Mr. Tamm may have been one of the original leakers, but there were confirming sources at the FISA Court and in the Senate who could become significant political liabilities if indictments were filed or unsealed in 2008.

Ann

Clarice,

Rush is talking about you! Congrats!

clarice

Thanks. A friend just emailed me that news. (To keep my stress levels from rising too high..I have no sound on my PC and I never turn on the radio or tv before the sun is over the yardarm so I'd have no way of knowing if people like you weren't kind enough to tell me.)

crosspatch

Clinton stacked the DoJ. Bush, in the spirit of trying to look apolitical has left those people in place. I would also suggest that the FBI is also pretty well stacked with partisans too. While it is probably too late in the administration now, I guess he should have done like Clinton and purged the DoJ when he took office. That would, however, set the Clinton precedent in stone going forward and every President going forward would have purged the DoJ as soon as they took office.

This is basically the fruits of Clinton's purge being exposed. FBI is probably just as partisan at this point too. I really don't have a lot of confidence in either organization as law enforcement operations so much as they are political hit squads at this point in time.

Neo

This is a bit odd, story about "the Document".

cboldt

List of leak statutes

I doubt the NYT has liability under 18 USC 798, and my conclusion has nothing to do with inability to find "intent to harm."

But if it is found guilty, if forfeits all the presses and material used to publish the story. NYT probably knows about this statute, having been a party in the Pentagon Papers case, and 18 USC 798 being cited by SCOTUS.
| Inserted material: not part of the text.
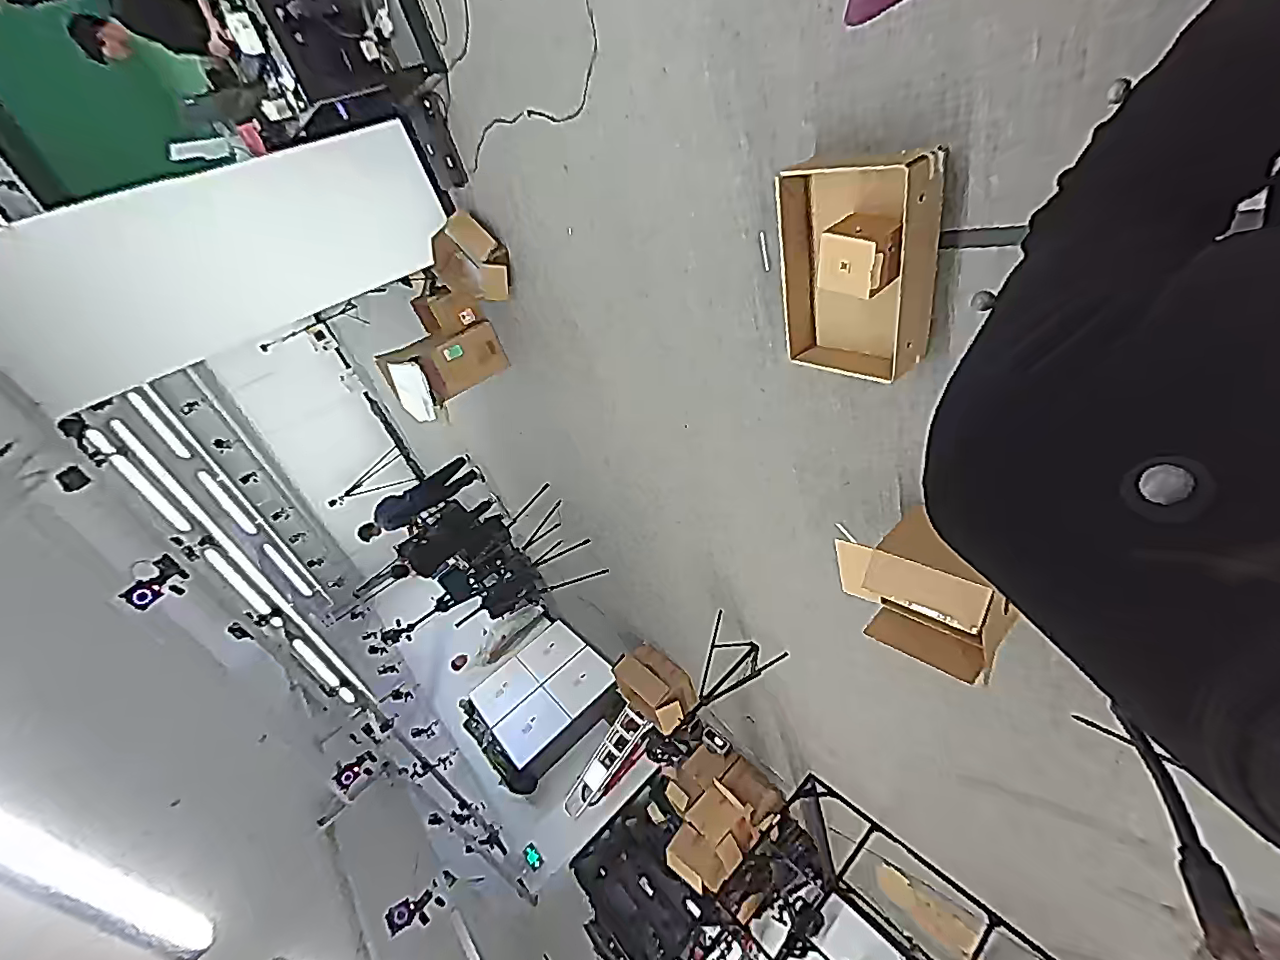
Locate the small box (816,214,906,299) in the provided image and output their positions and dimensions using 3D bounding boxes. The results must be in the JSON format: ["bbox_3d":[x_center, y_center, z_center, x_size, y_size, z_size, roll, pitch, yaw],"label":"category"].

"Communications intelligence" is defined elsewhere in the statute, and snooping policy does not represent communications intelligence.

brief citation for the proposition that disclosing a POLICY of snooping does not violate 18 USC 798, but that if a violation of 18 USC 798 is found, the penalty is forfeiture.

The leaker may have broken other statutes, but I've yet to see an argument that makes a specific cite other than the general speculation that 793 or 798 might have been violated. In other words, I've never seen something phrased as a hypothetical indictment, pointing out the facts that meet each element of the statute.

Neo

With the investigation making progress, the possibility remains that even if the New York Times is not indicted, its reporters—James Risen and Eric Lichtblau—might be called before the grand jury and asked to confirm under oath that Tamm, or some other suspect, was their source. That is what happened to a whole battalion of journalists in the investigation of Scooter Libby in the Valerie Plame fiasco.

If Risen and Lichtblau promised their source confidentiality, they might choose not to testify. That would potentially place them, like Judith Miller in the Libby investigation, in contempt of court and even land them in prison.

Libby takes one for the Gipper.

cboldt

There are a number of loose parallels between the Plame leak/Libby case, and the NSA leak case.

First, where's the crime? With Plame, we had a bare allegation "she's covert," but no proof before questioning suspects or informants.

With the NSA thing, the allegation is that saying (without providing proof or details) that the NSA is reviewing certain telephone communications constitutes an illegal disclosure of classified information.

Second, and tied in with that, the issue of whether or not the investigation is "bogus," is the range of appropriate reaction of those being questioned. E.g., assert press shield? Shade the truth is not punishable under law because no matter what, the investigation can't find a crime?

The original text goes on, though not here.